M&M's Adventure is an action-adventure video game released on the Nintendo DS and Wii video game consoles by Zoo Games and developed by Nikitova Games. A PlayStation 2 version was planned but not released. The game takes place around Christmas. With Green, Yellow, and Red in the factory of M&MS when there is a system error, the harvested candies are ejected and all robots go AWOL, so the heroes will embark on the factory to stop the system error and save the factory.

The Factory works as a lobby, in which the player can access the different levels all based on different festivities, which are: Valentine's Day, Easter, the Fourth of July, Halloween, and Christmas being the final scenery and the central festivity in the story.

In the beginning, only Red is playable, but as the game progresses, one can play as Yellow, who has the power to double jump, and Green, who can attack with a racket. In the lobby, there are parts blocked by doors with the face of a character, which requires the use of that character (depending on the color and image of the door M&M only that M&M can enter). The game has one boss of the world, and the final is a snowman.

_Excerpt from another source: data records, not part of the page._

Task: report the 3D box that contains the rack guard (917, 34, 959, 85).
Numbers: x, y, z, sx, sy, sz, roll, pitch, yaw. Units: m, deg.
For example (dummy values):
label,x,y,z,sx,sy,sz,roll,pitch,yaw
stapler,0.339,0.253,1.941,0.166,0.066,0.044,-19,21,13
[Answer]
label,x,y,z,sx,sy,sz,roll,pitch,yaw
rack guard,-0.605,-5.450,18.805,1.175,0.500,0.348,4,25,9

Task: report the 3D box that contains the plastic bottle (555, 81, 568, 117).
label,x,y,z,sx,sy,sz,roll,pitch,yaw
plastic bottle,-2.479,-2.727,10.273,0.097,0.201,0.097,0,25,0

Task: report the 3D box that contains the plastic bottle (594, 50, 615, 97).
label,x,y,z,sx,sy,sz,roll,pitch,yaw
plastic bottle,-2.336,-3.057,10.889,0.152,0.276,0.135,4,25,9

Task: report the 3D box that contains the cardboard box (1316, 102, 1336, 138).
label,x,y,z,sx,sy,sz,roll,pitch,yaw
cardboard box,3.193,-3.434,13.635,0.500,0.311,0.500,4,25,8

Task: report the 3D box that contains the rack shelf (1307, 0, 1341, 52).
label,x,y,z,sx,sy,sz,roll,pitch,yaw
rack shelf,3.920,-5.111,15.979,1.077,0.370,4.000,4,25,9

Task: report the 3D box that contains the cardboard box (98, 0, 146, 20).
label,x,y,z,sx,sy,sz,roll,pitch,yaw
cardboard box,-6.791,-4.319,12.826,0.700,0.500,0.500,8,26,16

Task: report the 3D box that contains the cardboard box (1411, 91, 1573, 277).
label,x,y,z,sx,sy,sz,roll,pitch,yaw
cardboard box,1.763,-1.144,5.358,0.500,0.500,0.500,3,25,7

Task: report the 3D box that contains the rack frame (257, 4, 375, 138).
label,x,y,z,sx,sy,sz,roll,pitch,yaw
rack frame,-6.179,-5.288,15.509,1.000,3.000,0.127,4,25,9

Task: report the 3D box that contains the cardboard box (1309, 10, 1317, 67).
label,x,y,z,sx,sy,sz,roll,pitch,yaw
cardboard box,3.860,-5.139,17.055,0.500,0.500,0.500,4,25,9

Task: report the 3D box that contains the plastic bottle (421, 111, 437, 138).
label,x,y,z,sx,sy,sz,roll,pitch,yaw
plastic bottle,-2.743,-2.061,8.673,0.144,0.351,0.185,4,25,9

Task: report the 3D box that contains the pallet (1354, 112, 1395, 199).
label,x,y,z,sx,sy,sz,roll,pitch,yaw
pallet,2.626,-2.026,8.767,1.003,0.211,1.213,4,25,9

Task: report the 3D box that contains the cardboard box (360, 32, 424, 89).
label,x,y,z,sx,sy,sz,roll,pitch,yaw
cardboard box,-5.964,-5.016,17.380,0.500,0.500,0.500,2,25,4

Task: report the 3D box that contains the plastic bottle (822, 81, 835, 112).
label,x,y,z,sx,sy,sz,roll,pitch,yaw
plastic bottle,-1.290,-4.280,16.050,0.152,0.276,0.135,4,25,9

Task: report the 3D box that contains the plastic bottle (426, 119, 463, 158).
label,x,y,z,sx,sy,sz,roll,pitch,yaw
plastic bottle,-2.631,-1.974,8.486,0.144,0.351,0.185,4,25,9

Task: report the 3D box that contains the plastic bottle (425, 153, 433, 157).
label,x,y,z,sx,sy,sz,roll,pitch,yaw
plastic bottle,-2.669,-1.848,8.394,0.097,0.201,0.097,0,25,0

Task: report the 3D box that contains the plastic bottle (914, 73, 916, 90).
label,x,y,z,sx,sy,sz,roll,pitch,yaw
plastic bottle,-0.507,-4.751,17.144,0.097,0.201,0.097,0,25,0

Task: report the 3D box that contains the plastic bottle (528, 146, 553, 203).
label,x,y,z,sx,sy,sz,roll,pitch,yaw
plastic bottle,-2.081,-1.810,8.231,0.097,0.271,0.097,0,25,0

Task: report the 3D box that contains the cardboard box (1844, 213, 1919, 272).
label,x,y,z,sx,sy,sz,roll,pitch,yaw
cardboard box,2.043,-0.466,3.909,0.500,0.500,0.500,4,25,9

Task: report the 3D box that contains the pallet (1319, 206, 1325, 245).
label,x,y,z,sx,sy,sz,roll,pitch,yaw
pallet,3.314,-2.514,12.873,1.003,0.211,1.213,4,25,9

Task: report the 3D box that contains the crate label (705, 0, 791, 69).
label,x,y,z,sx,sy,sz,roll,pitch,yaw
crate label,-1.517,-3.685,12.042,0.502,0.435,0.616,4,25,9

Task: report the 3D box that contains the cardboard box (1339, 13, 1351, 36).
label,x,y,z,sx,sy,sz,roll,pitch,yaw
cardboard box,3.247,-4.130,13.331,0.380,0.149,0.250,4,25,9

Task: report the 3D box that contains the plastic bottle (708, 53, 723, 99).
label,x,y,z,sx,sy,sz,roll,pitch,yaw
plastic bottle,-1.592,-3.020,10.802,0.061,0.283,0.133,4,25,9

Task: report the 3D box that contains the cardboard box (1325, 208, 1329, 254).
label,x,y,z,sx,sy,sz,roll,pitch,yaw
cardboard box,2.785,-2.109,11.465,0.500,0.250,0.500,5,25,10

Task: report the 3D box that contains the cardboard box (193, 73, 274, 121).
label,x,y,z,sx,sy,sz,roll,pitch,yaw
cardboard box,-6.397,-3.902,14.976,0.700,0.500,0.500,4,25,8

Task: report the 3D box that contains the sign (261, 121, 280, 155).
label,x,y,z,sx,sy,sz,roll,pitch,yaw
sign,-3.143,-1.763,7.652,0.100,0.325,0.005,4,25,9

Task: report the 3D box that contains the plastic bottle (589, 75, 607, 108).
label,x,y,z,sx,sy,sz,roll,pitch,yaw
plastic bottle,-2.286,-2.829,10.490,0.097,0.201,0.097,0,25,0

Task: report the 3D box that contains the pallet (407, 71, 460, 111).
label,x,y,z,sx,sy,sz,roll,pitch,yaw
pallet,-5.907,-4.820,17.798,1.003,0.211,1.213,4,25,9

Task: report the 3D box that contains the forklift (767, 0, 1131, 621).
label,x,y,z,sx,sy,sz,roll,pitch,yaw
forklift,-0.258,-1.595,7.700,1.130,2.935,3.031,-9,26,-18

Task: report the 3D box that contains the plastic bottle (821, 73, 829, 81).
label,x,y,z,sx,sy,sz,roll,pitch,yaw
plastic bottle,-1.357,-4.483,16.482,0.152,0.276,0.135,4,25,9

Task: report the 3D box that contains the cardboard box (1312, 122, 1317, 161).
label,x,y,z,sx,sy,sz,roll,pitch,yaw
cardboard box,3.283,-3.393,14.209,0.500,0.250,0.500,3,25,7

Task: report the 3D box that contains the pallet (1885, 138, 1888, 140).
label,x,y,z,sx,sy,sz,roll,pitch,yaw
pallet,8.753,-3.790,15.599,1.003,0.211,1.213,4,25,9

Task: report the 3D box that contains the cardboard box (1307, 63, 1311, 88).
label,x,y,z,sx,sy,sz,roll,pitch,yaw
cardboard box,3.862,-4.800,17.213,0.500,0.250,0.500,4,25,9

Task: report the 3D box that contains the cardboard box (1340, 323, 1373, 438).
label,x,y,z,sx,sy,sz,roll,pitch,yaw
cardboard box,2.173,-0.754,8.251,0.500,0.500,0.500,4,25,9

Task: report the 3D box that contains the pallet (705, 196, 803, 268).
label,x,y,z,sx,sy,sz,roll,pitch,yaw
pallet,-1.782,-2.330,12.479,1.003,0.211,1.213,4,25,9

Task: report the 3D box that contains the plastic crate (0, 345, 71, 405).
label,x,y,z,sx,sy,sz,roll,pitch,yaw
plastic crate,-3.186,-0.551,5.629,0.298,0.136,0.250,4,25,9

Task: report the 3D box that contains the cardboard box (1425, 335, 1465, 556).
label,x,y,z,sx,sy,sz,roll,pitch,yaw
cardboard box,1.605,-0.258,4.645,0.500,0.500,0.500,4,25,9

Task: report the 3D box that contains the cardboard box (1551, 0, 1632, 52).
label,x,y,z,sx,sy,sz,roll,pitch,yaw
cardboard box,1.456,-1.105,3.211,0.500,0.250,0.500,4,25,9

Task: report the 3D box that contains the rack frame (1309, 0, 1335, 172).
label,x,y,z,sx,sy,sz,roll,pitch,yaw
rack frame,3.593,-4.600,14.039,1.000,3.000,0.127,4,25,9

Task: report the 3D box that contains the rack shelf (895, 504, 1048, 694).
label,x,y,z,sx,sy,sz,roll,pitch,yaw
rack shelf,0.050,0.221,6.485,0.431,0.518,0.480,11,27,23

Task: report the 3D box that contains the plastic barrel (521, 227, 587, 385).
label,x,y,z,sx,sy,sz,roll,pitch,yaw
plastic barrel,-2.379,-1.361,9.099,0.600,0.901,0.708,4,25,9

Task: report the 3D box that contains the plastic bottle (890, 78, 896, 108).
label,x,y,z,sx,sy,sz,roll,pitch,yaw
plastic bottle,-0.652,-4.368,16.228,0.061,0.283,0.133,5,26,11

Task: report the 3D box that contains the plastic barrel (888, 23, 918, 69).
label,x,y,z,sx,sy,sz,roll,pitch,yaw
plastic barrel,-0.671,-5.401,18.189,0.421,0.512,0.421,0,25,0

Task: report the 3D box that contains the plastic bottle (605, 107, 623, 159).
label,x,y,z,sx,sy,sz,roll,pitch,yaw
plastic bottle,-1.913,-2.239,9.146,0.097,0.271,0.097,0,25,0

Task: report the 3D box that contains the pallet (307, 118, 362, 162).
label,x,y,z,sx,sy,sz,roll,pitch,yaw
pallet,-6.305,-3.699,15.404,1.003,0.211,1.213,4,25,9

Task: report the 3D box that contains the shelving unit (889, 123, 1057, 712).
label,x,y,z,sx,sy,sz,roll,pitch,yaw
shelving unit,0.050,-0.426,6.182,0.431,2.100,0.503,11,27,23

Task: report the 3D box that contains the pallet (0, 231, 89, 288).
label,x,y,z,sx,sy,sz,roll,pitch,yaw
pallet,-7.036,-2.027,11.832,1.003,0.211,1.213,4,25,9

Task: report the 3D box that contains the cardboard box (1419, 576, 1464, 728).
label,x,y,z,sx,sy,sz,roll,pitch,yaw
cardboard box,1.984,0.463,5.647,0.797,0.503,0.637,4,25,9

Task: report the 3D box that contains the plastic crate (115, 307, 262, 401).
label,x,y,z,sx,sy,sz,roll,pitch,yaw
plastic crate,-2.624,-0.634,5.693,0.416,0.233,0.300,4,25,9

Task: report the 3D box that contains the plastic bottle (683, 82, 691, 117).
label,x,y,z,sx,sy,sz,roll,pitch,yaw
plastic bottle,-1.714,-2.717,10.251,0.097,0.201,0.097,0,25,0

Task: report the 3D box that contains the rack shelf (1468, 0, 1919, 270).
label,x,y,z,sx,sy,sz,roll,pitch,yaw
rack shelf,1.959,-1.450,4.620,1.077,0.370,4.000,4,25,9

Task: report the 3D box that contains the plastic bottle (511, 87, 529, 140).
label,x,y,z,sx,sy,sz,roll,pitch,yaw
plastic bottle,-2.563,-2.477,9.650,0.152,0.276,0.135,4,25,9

The two versions are almost exactly the same but with some differences such as the use of fog in the DS version to load the 3D terrain or the fact that the Wii version has different soundtracks depending on the area one is in. The game had bad reviews arguing that it is not worth buying from the critics but users consider it a decent game. In general, the Wii version was received better than the DS version due to the latter's worse graphic quality and featuring only two songs.

==M&M's Beach Party ==

M&M's Beach Party is a party game released on March 11, 2009, for the Nintendo Wii. In the game, The player defeats the other M&M's characters in six minigames: Kayak Race, Volleyball, Mr. Runch Slam, Skeeball Race, Ring Toss, and Colornator.